More specifically, we address the following clustering
problem. Given n points in a larger set (for example,
R^{d}) endowed with a distance function (for example;
L^{2} distance), we would like to partition the data set
into k disjoint clusters, each with a "cluster center",
so as to minimize the sum over all data points of the
distance between the point and the center of the cluster
containing the point. The problem is provably NP-hard in
some high dimensional geometric settings, even for k=2.
We give polynomial time approximation schemes for this
problem in several settings, including the binary cube
{0,1}^{d} with Hamming distance, and R^{d}) either
with L^{1} distance, or with L^{2} distance, or with the
square of L^{2} distance. In all these settings, the best
previous results were constant factor approximation guarantees.

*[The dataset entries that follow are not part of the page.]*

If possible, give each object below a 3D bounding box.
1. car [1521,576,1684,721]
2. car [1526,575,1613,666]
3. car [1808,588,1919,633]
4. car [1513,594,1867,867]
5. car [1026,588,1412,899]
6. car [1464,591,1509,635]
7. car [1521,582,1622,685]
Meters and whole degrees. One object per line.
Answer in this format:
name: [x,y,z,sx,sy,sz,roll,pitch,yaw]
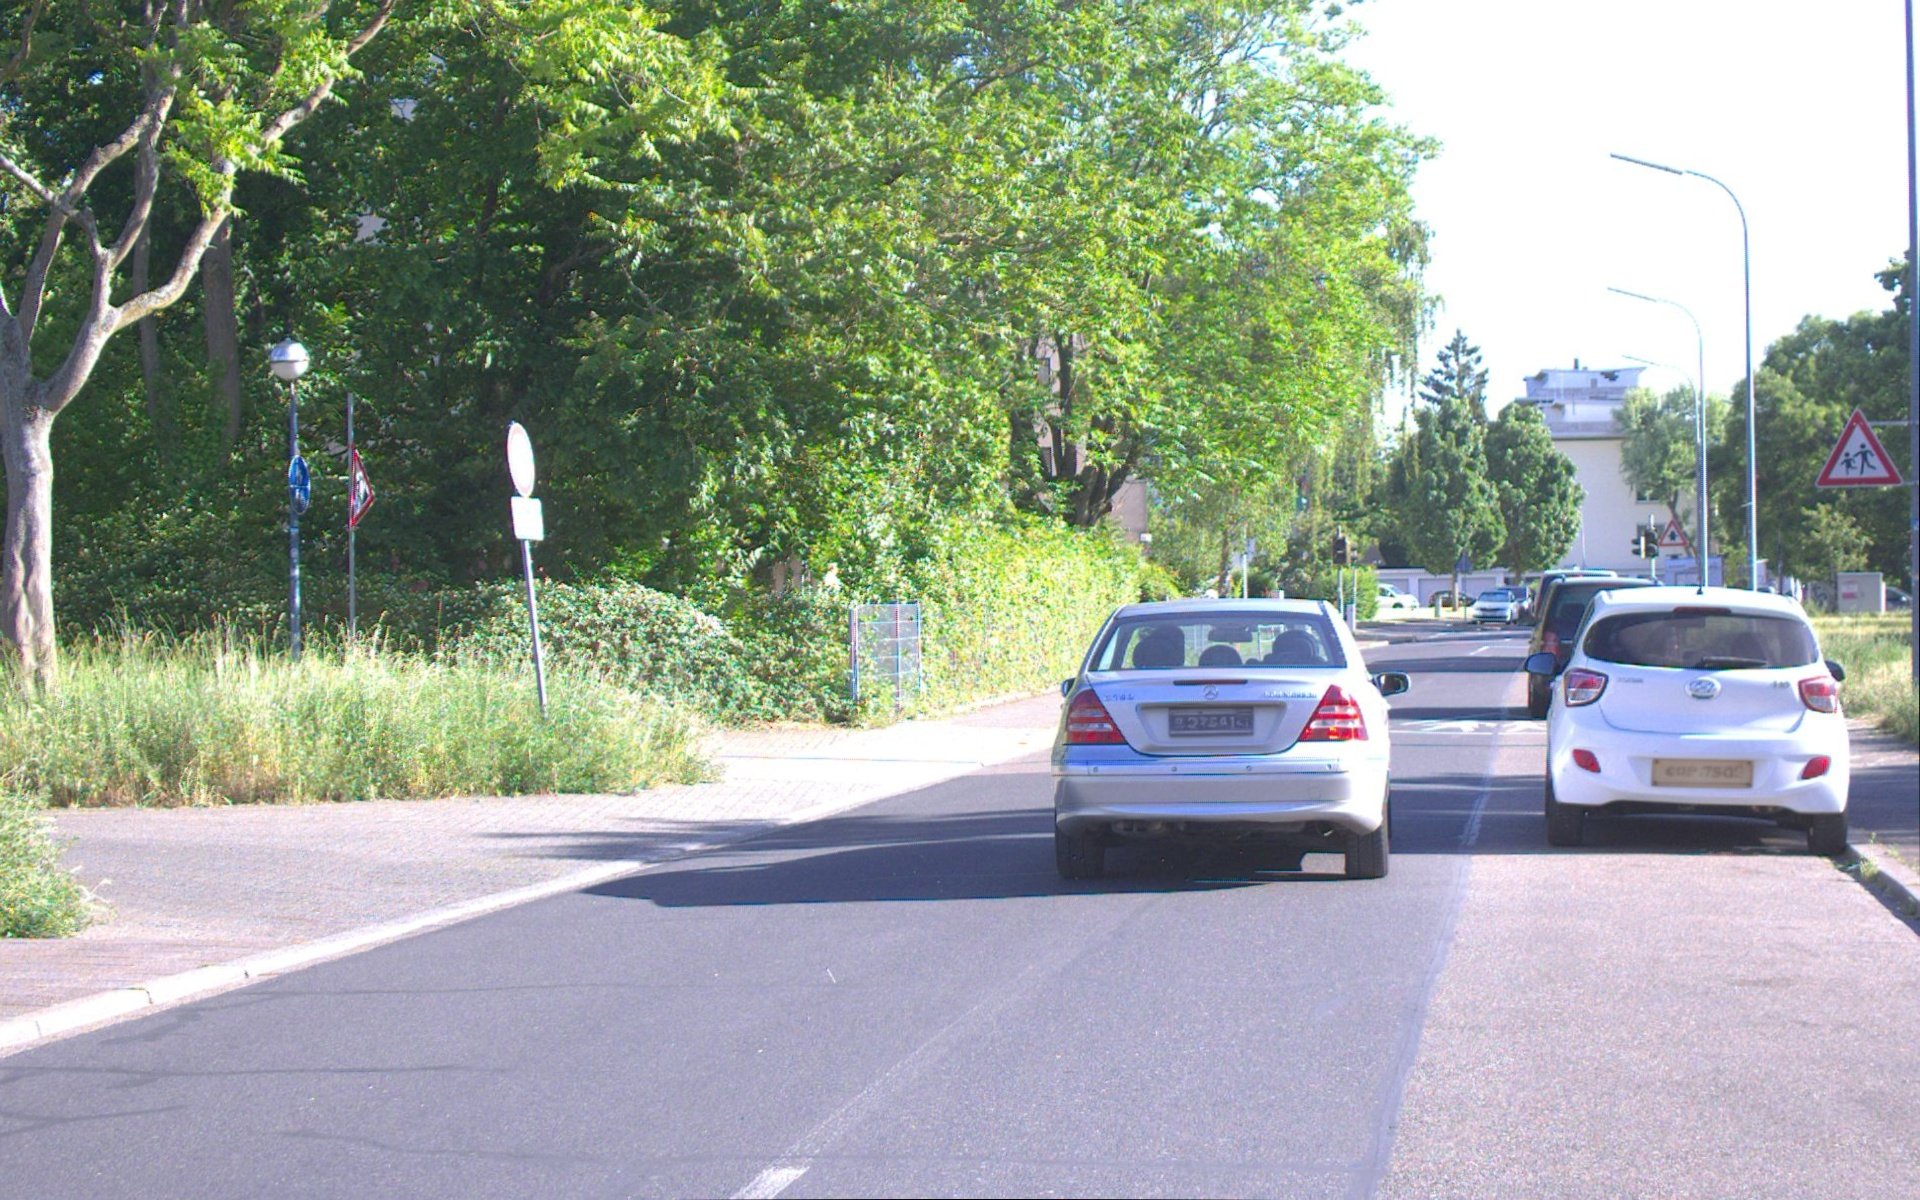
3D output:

We note that our problem is similar in flavor to the k-median problem (and the related facility location problem), which has been considered in graph-theoretic and fixed dimensional geometric settings, where it becomes hard when kis part of the input. In contrast, we study the problem when k is fixed, but the dimension is part of the input.

**comment:**
In JACM 49(2): 139-156 (2002).

Preliminary version in Proceedings of 41st Annual IEEE Symposium on the Foundations
of Computer Science (FOCS-2000).

An overview [power point presentation].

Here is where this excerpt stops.